***** AVAILABLE DATA *****
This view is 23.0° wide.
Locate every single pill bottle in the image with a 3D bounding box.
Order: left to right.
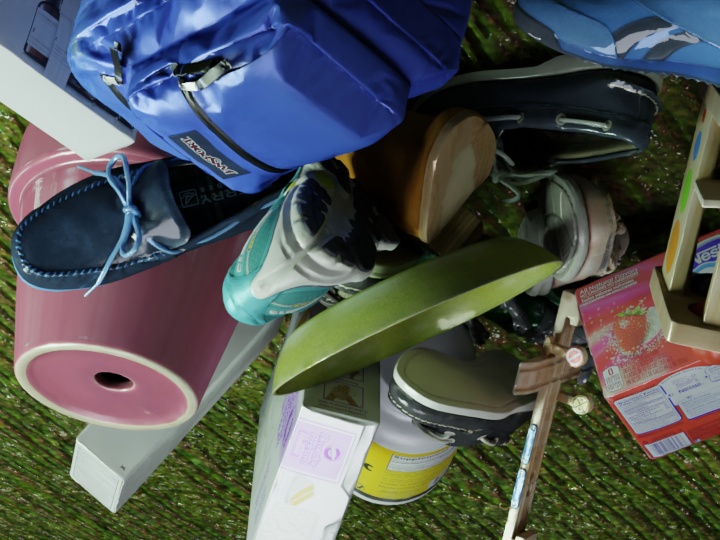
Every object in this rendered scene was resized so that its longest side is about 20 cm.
[{"bbox_3d":[0.035,0.106,1.414,0.111,0.112,0.200,11,152,-3],"label":"pill bottle"}]

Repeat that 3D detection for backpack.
[{"bbox_3d":[-0.066,-0.135,0.968,0.199,0.169,0.162,-15,136,40],"label":"backpack"}]

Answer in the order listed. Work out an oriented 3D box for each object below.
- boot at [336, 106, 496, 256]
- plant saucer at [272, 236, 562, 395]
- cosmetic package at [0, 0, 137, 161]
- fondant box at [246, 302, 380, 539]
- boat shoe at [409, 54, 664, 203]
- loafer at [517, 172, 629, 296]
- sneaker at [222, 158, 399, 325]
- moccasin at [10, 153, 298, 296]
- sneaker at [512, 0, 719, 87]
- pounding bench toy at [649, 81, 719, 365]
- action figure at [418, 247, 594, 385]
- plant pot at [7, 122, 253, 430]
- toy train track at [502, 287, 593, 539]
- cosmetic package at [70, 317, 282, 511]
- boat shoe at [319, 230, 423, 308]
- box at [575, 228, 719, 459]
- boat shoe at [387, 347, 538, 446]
[{"bbox_3d":[0.008,-0.079,1.078,0.144,0.071,0.201,38,168,14],"label":"boot"},{"bbox_3d":[0.030,0.024,1.106,0.199,0.031,0.200,-25,173,-3],"label":"plant saucer"},{"bbox_3d":[-0.211,-0.155,1.061,0.050,0.083,0.200,-17,142,36],"label":"cosmetic package"},{"bbox_3d":[-0.033,0.104,1.270,0.058,0.200,0.145,15,118,-9],"label":"fondant box"},{"bbox_3d":[0.102,-0.085,1.098,0.199,0.062,0.075,-7,154,42],"label":"boat shoe"},{"bbox_3d":[0.149,-0.025,1.180,0.062,0.072,0.200,-6,172,-6],"label":"loafer"},{"bbox_3d":[-0.033,-0.019,1.004,0.080,0.200,0.078,-38,92,15],"label":"sneaker"},{"bbox_3d":[-0.126,-0.047,1.116,0.199,0.081,0.068,-23,177,-16],"label":"moccasin"},{"bbox_3d":[0.187,-0.147,0.990,0.199,0.066,0.079,14,117,12],"label":"sneaker"},{"bbox_3d":[0.284,-0.013,1.033,0.199,0.157,0.124,11,-164,2],"label":"pounding bench toy"},{"bbox_3d":[0.108,0.025,1.311,0.199,0.055,0.118,29,159,-22],"label":"action figure"},{"bbox_3d":[-0.158,0.003,1.224,0.199,0.180,0.200,8,151,4],"label":"plant pot"},{"bbox_3d":[0.137,0.113,1.245,0.032,0.201,0.114,19,-166,27],"label":"toy train track"},{"bbox_3d":[-0.135,0.084,1.335,0.051,0.200,0.083,40,153,5],"label":"cosmetic package"},{"bbox_3d":[-0.001,0.000,1.183,0.071,0.066,0.201,18,-171,-2],"label":"boat shoe"},{"bbox_3d":[0.258,0.034,1.185,0.199,0.096,0.100,-24,141,16],"label":"box"},{"bbox_3d":[0.069,0.095,1.244,0.074,0.060,0.200,41,-163,19],"label":"boat shoe"}]
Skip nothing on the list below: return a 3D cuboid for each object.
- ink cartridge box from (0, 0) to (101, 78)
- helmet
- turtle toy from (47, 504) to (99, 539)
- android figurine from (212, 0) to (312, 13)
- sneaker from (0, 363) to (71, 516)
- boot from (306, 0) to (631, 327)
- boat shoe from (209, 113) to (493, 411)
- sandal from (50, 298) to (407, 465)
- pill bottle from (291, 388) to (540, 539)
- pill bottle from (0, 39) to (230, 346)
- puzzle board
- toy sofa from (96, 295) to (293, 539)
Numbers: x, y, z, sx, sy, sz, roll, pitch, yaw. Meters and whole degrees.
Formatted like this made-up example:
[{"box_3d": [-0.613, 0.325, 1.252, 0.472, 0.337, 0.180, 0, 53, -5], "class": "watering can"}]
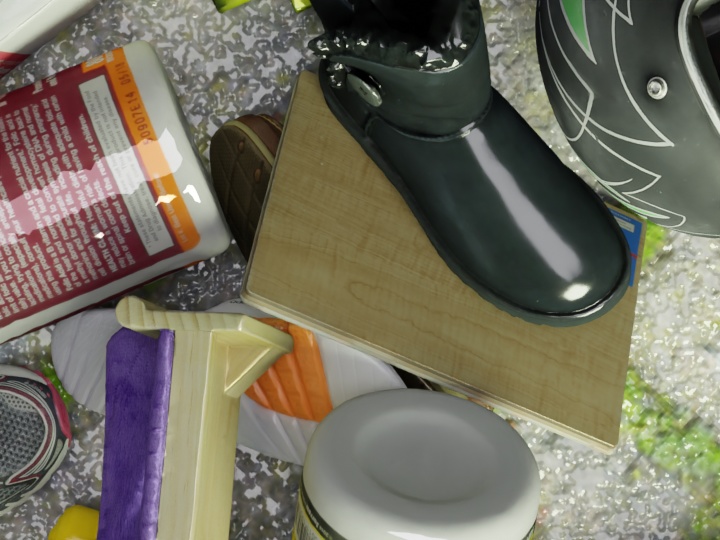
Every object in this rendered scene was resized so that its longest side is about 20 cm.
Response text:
[{"box_3d": [-0.169, -0.196, 1.364, 0.199, 0.083, 0.146, -36, 86, 8], "class": "ink cartridge box"}, {"box_3d": [0.177, -0.115, 1.340, 0.200, 0.200, 0.191, 42, 97, -3], "class": "helmet"}, {"box_3d": [-0.108, 0.217, 1.395, 0.145, 0.101, 0.201, 18, 92, -2], "class": "turtle toy"}, {"box_3d": [0.001, -0.211, 1.409, 0.199, 0.041, 0.183, -21, 93, 1], "class": "android figurine"}, {"box_3d": [-0.241, 0.105, 1.400, 0.199, 0.075, 0.081, -19, 93, -1], "class": "sneaker"}, {"box_3d": [0.045, -0.070, 1.296, 0.076, 0.168, 0.200, -41, 75, -8], "class": "boot"}, {"box_3d": [0.000, 0.000, 1.412, 0.067, 0.072, 0.200, -36, 85, -33], "class": "boat shoe"}, {"box_3d": [-0.058, 0.043, 1.398, 0.205, 0.059, 0.080, 11, 118, 25], "class": "sandal"}, {"box_3d": [0.018, 0.166, 1.337, 0.111, 0.113, 0.201, 8, 126, -2], "class": "pill bottle"}, {"box_3d": [-0.174, -0.026, 1.376, 0.199, 0.114, 0.115, -22, 93, -1], "class": "pill bottle"}, {"box_3d": [0.045, -0.004, 1.376, 0.199, 0.017, 0.151, 23, 48, -12], "class": "puzzle board"}, {"box_3d": [-0.095, 0.117, 1.305, 0.097, 0.083, 0.202, 3, 82, 17], "class": "toy sofa"}]
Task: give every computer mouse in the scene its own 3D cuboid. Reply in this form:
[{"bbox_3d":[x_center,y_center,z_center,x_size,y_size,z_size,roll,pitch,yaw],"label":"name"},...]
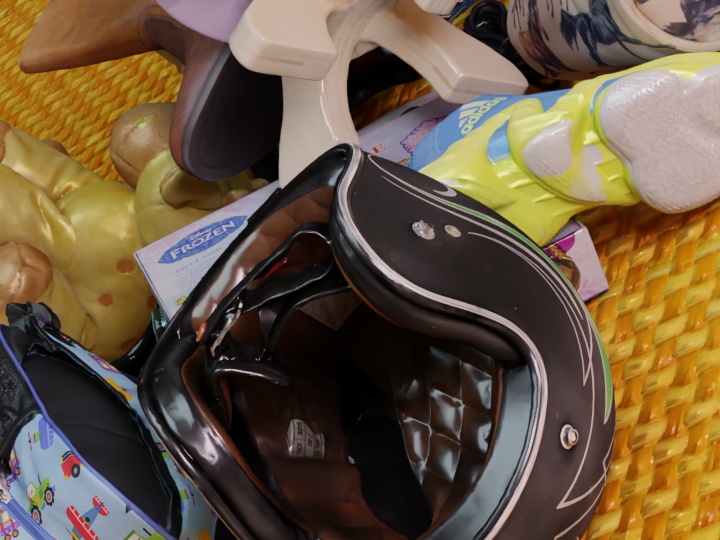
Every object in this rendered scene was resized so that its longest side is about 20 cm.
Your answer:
[{"bbox_3d":[0.024,-0.072,1.610,0.200,0.044,0.110,-44,26,10],"label":"computer mouse"}]

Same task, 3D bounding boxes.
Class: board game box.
[{"bbox_3d":[0.000,0.000,1.463,0.199,0.041,0.200,-27,29,-4],"label":"board game box"}]

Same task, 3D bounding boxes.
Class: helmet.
[{"bbox_3d":[0.019,0.058,1.270,0.200,0.191,0.200,-46,12,12],"label":"helmet"}]

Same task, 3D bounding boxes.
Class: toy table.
[{"bbox_3d":[-0.012,-0.135,1.466,0.117,0.199,0.184,58,138,35],"label":"toy table"}]

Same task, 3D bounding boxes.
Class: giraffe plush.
[{"bbox_3d":[-0.130,-0.027,1.649,0.162,0.200,0.173,-34,4,22],"label":"giraffe plush"}]

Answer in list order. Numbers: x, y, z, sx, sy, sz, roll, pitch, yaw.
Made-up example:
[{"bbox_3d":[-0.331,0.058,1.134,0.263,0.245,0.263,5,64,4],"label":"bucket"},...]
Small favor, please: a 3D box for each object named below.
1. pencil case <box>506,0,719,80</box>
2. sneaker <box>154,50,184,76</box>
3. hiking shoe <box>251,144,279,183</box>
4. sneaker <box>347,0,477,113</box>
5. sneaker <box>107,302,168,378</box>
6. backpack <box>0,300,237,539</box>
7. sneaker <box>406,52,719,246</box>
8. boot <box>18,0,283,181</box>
[{"bbox_3d":[0.139,-0.140,1.429,0.089,0.078,0.200,-28,6,-12],"label":"pencil case"},{"bbox_3d":[-0.070,-0.196,1.754,0.075,0.076,0.200,-47,8,45],"label":"sneaker"},{"bbox_3d":[-0.044,-0.083,1.719,0.200,0.074,0.087,-45,30,31],"label":"hiking shoe"},{"bbox_3d":[0.037,-0.144,1.607,0.200,0.078,0.090,-38,41,18],"label":"sneaker"},{"bbox_3d":[-0.063,0.032,1.566,0.200,0.079,0.075,-42,25,10],"label":"sneaker"},{"bbox_3d":[-0.110,0.133,1.402,0.135,0.182,0.200,-54,36,7],"label":"backpack"},{"bbox_3d":[0.107,-0.069,1.382,0.199,0.076,0.105,-17,27,0],"label":"sneaker"},{"bbox_3d":[-0.121,-0.129,1.618,0.199,0.068,0.189,0,62,36],"label":"boot"}]
*****
THE TASK. For the records above, state how many lines contain the string "below", with no added text.

SOLUTION TO THIS PROBLEM. 3